> _Your goal_: Check each line of the material, and show the ones that include the word "Rendered".

> _Data shown_:
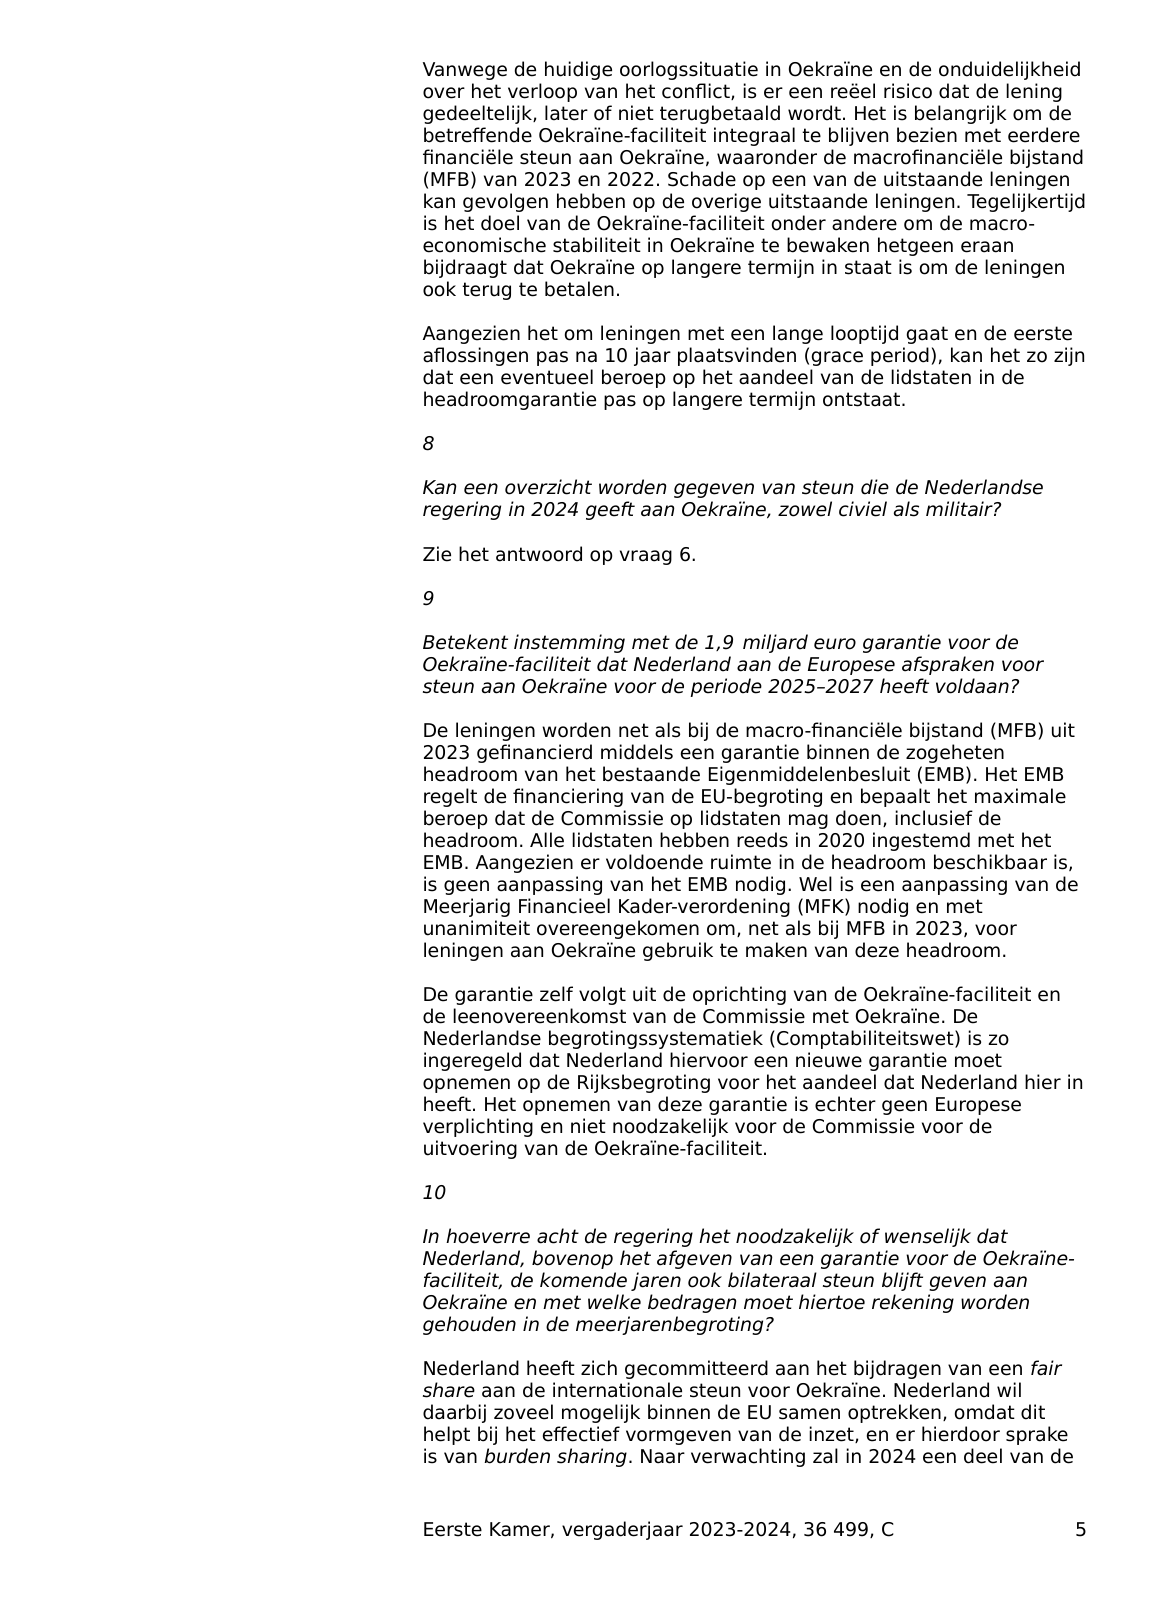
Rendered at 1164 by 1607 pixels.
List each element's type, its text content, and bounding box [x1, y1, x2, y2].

text De garantie zelf volgt uit de oprichting van de Oekraïne-faciliteit en de leenovereenkomst van de Commissie met Oekraïne. De Nederlandse begrotingssystematiek (Comptabiliteitswet) is zo ingeregeld dat Nederland hiervoor een nieuwe garantie moet opnemen op de Rijksbegroting voor het aandeel dat Nederland hier in heeft. Het opnemen van deze garantie is echter geen Europese verplichting en niet noodzakelijk voor de Commissie voor de uitvoering van de Oekraïne-faciliteit. [422, 984, 1087, 1160]
text Vanwege de huidige oorlogssituatie in Oekraïne en de onduidelijkheid over het verloop van het conflict, is er een reëel risico dat de lening gedeeltelijk, later of niet terugbetaald wordt. Het is belangrijk om de betreffende Oekraïne-faciliteit integraal te blijven bezien met eerdere financiële steun aan Oekraïne, waaronder de macrofinanciële bijstand (MFB) van 2023 en 2022. Schade op een van de uitstaande leningen kan gevolgen hebben op de overige uitstaande leningen. Tegelijkertijd is het doel van de Oekraïne-faciliteit onder andere om de macro-economische stabiliteit in Oekraïne te bewaken hetgeen eraan bijdraagt dat Oekraïne op langere termijn in staat is om de leningen ook terug te betalen. [422, 59, 1087, 301]
text In hoeverre acht de regering het noodzakelijk of wenselijk dat Nederland, bovenop het afgeven van een garantie voor de Oekraïne-faciliteit, de komende jaren ook bilateraal steun blijft geven aan Oekraïne en met welke bedragen moet hiertoe rekening worden gehouden in de meerjarenbegroting? [422, 1226, 1087, 1336]
text Aangezien het om leningen met een lange looptijd gaat en de eerste aflossingen pas na 10 jaar plaatsvinden (grace period), kan het zo zijn dat een eventueel beroep op het aandeel van de lidstaten in de headroomgarantie pas op langere termijn ontstaat. [422, 323, 1087, 411]
text Betekent instemming met de 1,9 miljard euro garantie voor de Oekraïne-faciliteit dat Nederland aan de Europese afspraken voor steun aan Oekraïne voor de periode 2025–2027 heeft voldaan? [422, 632, 1087, 698]
subtitle 9 [422, 588, 1087, 609]
text De leningen worden net als bij de macro-financiële bijstand (MFB) uit 2023 gefinancierd middels een garantie binnen de zogeheten headroom van het bestaande Eigenmiddelenbesluit (EMB). Het EMB regelt de financiering van de EU-begroting en bepaalt het maximale beroep dat de Commissie op lidstaten mag doen, inclusief de headroom. Alle lidstaten hebben reeds in 2020 ingestemd met het EMB. Aangezien er voldoende ruimte in de headroom beschikbaar is, is geen aanpassing van het EMB nodig. Wel is een aanpassing van de Meerjarig Financieel Kader-verordening (MFK) nodig en met unanimiteit overeengekomen om, net als bij MFB in 2023, voor leningen aan Oekraïne gebruik te maken van deze headroom. [422, 720, 1087, 962]
text Zie het antwoord op vraag 6. [422, 543, 1087, 565]
subtitle 10 [422, 1182, 1087, 1204]
text Nederland heeft zich gecommitteerd aan het bijdragen van een fair share aan de internationale steun voor Oekraïne. Nederland wil daarbij zoveel mogelijk binnen de EU samen optrekken, omdat dit helpt bij het effectief vormgeven van de inzet, en er hierdoor sprake is van burden sharing. Naar verwachting zal in 2024 een deel van de [422, 1358, 1087, 1468]
text Kan een overzicht worden gegeven van steun die de Nederlandse regering in 2024 geeft aan Oekraïne, zowel civiel als militair? [422, 477, 1087, 521]
subtitle 8 [422, 433, 1087, 455]
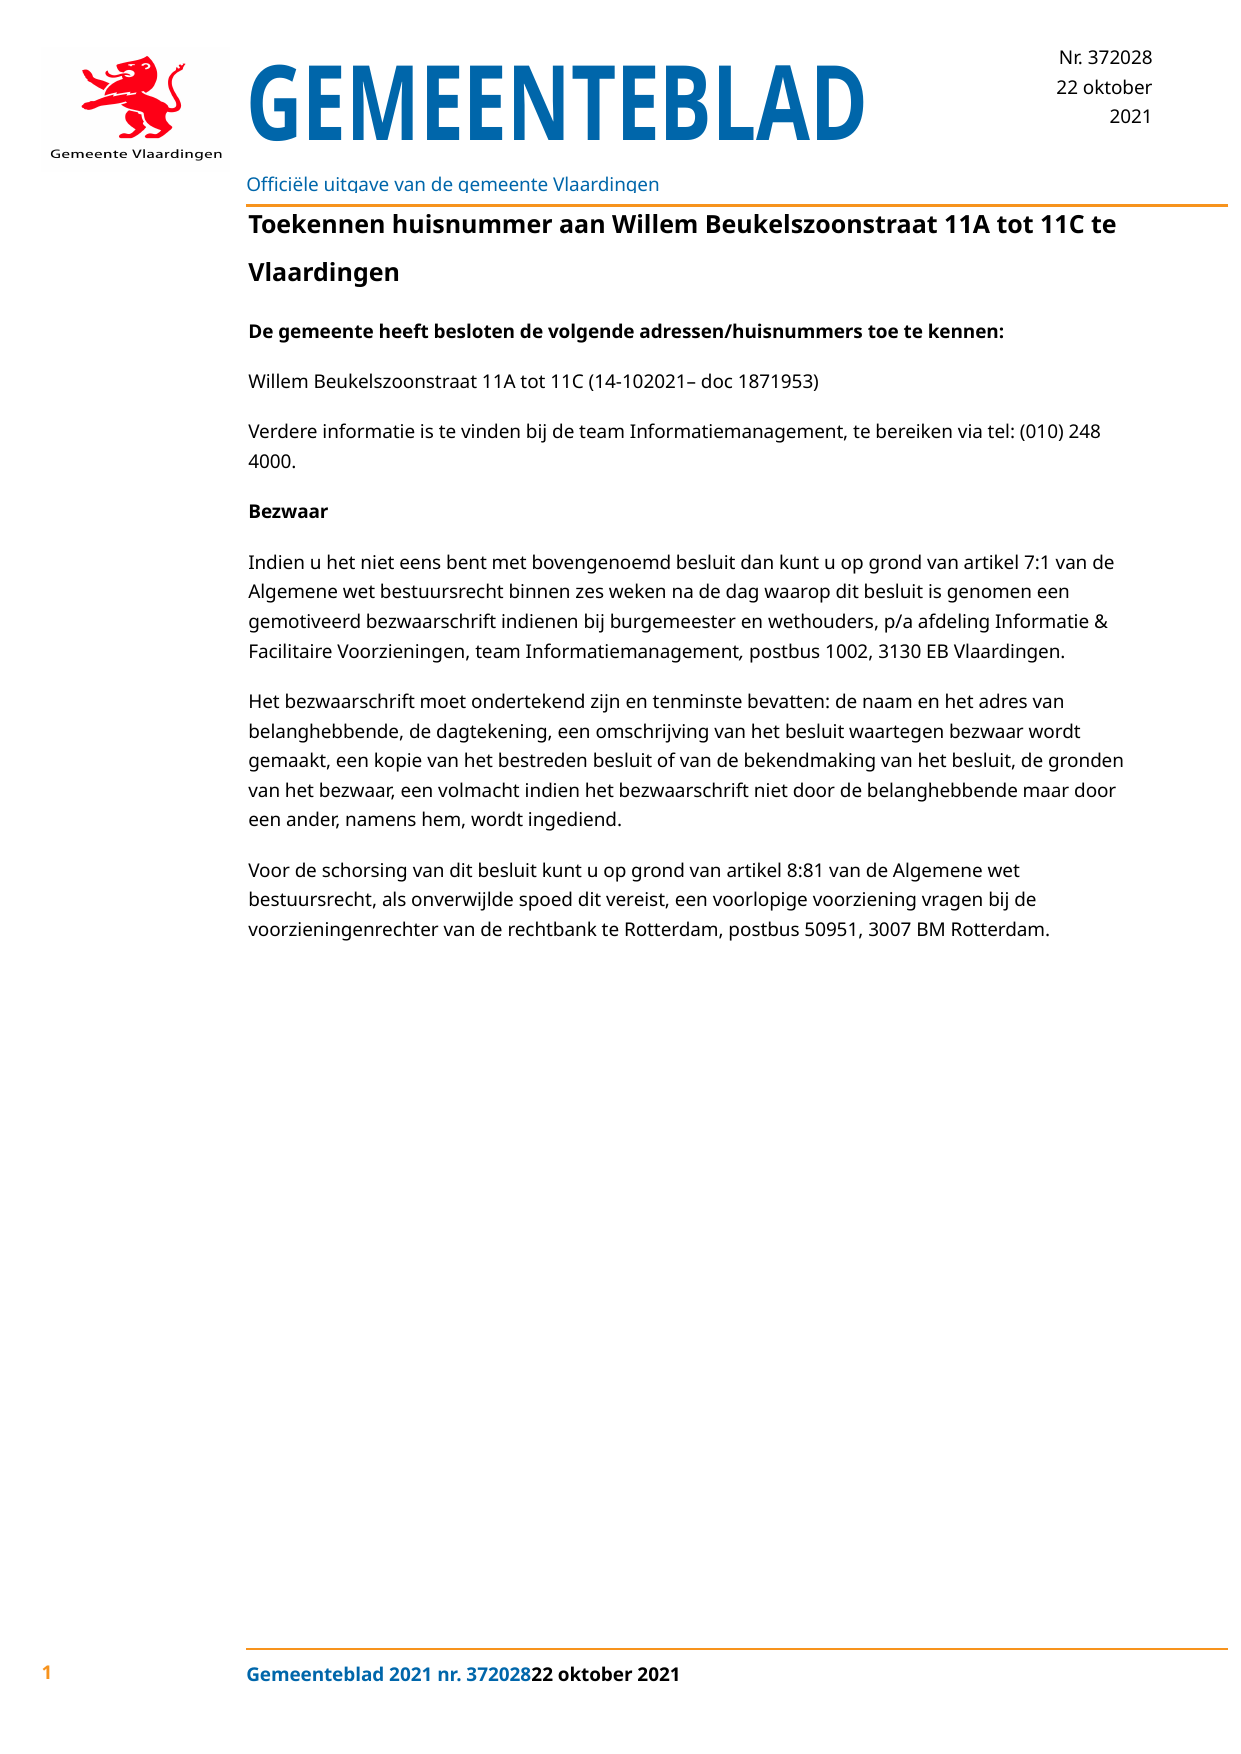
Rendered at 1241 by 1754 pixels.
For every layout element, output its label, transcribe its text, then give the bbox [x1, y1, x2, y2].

text Het bezwaarschrift moet ondertekend zijn en tenminste bevatten: de naam en het adres van belanghebbende, de dagtekening, een omschrijving van het besluit waartegen bezwaar wordt gemaakt, een kopie van het bestreden besluit of van de bekendmaking van het besluit, de gronden van het bezwaar, een volmacht indien het bezwaarschrift niet door de belanghebbende maar door een ander, namens hem, wordt ingediend. [248, 688, 1152, 832]
text De gemeente heeft besloten de volgende adressen/huisnummers toe te kennen: [248, 318, 1152, 344]
text Willem Beukelszoonstraat 11A tot 11C (14-102021– doc 1871953) [248, 368, 1152, 394]
text Verdere informatie is te vinden bij de team Informatiemanagement, te bereiken via tel: (010) 248 4000. [248, 419, 1152, 474]
text Bezwaar [248, 499, 1152, 524]
text Indien u het niet eens bent met bovengenoemd besluit dan kunt u op grond van artikel 7:1 van de Algemene wet bestuursrecht binnen zes weken na de dag waarop dit besluit is genomen een gemotiveerd bezwaarschrift indienen bij burgemeester en wethouders, p/a afdeling Informatie & Facilitaire Voorzieningen, team Informatiemanagement, postbus 1002, 3130 EB Vlaardingen. [248, 549, 1152, 664]
text Voor de schorsing van dit besluit kunt u op grond van artikel 8:81 van de Algemene wet bestuursrecht, als onverwijlde spoed dit vereist, een voorlopige voorziening vragen bij de voorzieningenrechter van de rechtbank te Rotterdam, postbus 50951, 3007 BM Rotterdam. [248, 857, 1152, 942]
picture [41, 47, 231, 172]
text Toekennen huisnummer aan Willem Beukelszoonstraat 11A tot 11C te Vlaardingen [248, 207, 1152, 288]

> _Output below_:
Rendered at 1164 by 1607 pixels.
Rendered at 1241 by 1754 pixels.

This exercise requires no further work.